AS to whether the visit could have taken place without the 1998 agreement, I know that I can say this five million times and some people will never hear me, but John Hume’s ‘Irish Dimension’, by which reconciliation could be achieved by moving towards reunification, was neither the only route towards justice for Northern Ireland’s Roman Catholic minority, nor was it the best.

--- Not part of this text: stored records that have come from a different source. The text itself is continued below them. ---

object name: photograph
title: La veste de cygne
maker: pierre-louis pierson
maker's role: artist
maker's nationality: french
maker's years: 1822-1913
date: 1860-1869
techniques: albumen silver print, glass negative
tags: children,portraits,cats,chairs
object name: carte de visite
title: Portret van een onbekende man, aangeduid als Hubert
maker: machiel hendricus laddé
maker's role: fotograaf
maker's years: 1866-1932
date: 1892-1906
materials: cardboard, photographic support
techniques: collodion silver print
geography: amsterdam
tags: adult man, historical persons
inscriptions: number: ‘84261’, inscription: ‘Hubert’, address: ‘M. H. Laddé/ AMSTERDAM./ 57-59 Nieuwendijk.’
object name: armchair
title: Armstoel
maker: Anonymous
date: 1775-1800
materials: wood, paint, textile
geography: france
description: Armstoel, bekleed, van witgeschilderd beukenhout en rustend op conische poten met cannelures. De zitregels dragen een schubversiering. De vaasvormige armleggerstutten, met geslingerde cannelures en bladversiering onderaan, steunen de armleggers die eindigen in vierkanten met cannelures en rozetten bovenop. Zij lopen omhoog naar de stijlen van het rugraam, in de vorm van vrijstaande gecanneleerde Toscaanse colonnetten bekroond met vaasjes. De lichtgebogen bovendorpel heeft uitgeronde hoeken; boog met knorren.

I still say that more justice, and more lasting happiness, could have been achieved through the (now utterly lost and gone) path of enlightened direct rule, which removed forever any ability of the majority to bully or discriminate against the minority, and which removed the issue of sovereignty from the argument
Thus, under a UK parliament and normal county councils, all discrimination in housing, employment, law and justice, policing and education could have been removed, while the only ‘power-sharing’ would have been at local levels where it is in fact most important. Above all, this would have preserved the democratic, tolerant and non-violent political leaderships of both communities, instead of enthroning and rewarding men of violence or intolerant views. ‘Loyalists’ would have had nothing real to fear, and might have had to address the real problems of their communities. And the border would have gradually become a ghost, symbolically present for those who needed it for reassurance, actually absent for any practical purposes. I do not myself think the future of Ireland will be as kind as this. We have bought a present ‘peace’ of sorts, in return for strife in times to come.